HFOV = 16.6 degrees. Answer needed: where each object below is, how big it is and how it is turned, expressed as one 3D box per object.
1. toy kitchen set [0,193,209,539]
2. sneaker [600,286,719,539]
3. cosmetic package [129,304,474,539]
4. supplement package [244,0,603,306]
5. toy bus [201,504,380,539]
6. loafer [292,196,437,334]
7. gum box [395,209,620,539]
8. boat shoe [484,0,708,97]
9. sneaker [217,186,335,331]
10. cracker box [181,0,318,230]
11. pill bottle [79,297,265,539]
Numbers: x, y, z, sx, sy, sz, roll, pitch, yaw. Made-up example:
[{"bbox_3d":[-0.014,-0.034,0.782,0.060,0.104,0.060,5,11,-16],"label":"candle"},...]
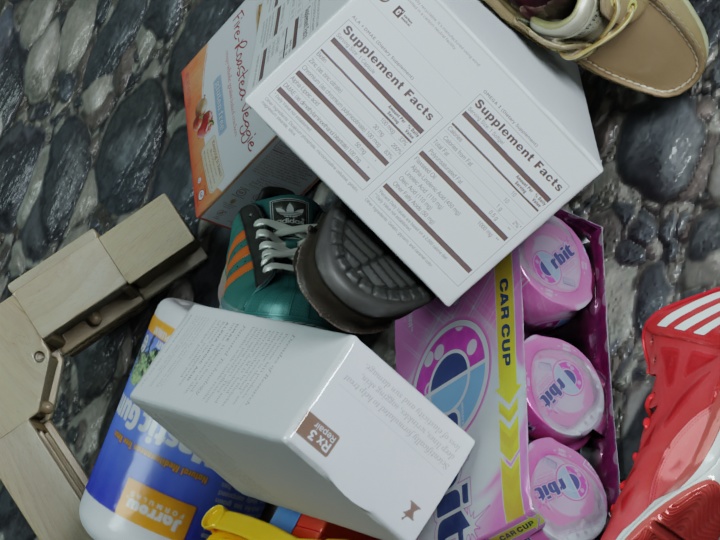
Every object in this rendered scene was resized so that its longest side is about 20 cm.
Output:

---

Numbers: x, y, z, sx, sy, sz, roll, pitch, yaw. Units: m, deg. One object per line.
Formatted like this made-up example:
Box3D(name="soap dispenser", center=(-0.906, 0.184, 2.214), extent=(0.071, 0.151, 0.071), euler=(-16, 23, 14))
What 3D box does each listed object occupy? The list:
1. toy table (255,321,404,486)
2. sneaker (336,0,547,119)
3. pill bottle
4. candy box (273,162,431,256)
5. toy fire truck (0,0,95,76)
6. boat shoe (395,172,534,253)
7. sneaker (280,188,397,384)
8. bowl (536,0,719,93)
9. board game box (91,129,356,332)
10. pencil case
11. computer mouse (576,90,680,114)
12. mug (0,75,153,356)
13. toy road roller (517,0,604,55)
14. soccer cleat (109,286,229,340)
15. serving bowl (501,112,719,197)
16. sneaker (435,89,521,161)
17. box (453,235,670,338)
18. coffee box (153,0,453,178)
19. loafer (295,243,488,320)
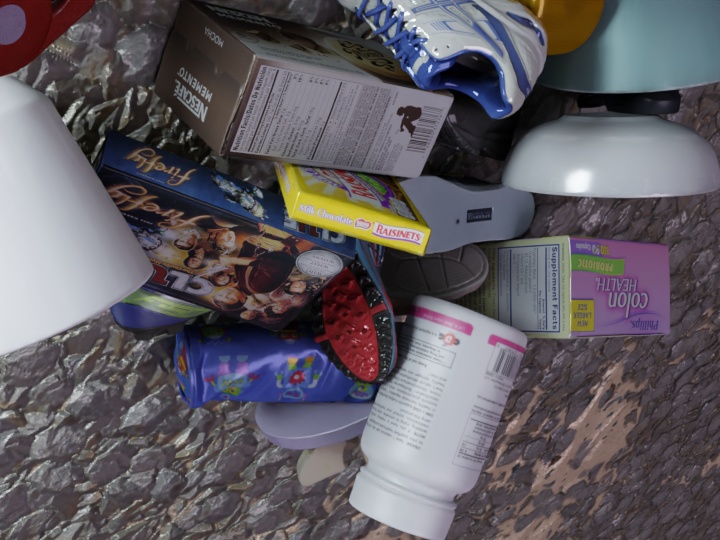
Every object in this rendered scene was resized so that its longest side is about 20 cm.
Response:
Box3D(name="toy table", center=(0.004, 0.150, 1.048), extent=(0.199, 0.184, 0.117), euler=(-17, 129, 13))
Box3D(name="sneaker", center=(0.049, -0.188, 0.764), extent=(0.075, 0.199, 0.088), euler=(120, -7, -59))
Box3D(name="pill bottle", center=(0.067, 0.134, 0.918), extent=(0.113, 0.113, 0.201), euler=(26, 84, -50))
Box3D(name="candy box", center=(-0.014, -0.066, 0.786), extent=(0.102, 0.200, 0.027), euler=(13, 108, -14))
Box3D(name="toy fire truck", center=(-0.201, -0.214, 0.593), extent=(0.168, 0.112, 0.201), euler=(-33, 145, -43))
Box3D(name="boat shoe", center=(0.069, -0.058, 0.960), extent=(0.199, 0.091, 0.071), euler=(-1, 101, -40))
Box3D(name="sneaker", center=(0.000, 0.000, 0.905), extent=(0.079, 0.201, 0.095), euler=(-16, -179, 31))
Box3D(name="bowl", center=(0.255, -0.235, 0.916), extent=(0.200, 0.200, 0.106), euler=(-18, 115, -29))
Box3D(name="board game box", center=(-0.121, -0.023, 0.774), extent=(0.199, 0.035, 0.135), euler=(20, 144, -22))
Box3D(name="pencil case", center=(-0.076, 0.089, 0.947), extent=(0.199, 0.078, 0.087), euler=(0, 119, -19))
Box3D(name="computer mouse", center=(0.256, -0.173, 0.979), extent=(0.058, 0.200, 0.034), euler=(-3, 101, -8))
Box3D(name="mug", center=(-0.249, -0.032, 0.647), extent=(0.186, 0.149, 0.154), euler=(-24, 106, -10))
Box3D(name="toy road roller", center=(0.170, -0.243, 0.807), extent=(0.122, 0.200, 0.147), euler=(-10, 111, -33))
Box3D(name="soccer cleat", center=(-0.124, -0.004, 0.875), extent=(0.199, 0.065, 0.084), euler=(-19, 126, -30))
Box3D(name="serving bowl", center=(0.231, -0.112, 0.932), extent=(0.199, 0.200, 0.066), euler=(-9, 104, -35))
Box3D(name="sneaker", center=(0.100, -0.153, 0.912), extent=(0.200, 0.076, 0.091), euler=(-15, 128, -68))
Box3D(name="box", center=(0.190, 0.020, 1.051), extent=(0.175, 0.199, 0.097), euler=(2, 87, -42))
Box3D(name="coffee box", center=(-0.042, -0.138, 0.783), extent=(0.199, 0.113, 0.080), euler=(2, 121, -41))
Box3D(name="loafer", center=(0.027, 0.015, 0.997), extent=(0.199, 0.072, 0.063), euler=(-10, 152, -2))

• Your task: In the listing above, find the line with "5. toy bus [201,504,380,539]" and the line with "Numbers: x, y, z, sx, sy, sz, roll, pitch, yaw. Made-up", then print exactly those two lines and every line between them, and nothing more.

• Solution for this exercise:
5. toy bus [201,504,380,539]
6. loafer [292,196,437,334]
7. gum box [395,209,620,539]
8. boat shoe [484,0,708,97]
9. sneaker [217,186,335,331]
10. cracker box [181,0,318,230]
11. pill bottle [79,297,265,539]
Numbers: x, y, z, sx, sy, sz, roll, pitch, yaw. Made-up example:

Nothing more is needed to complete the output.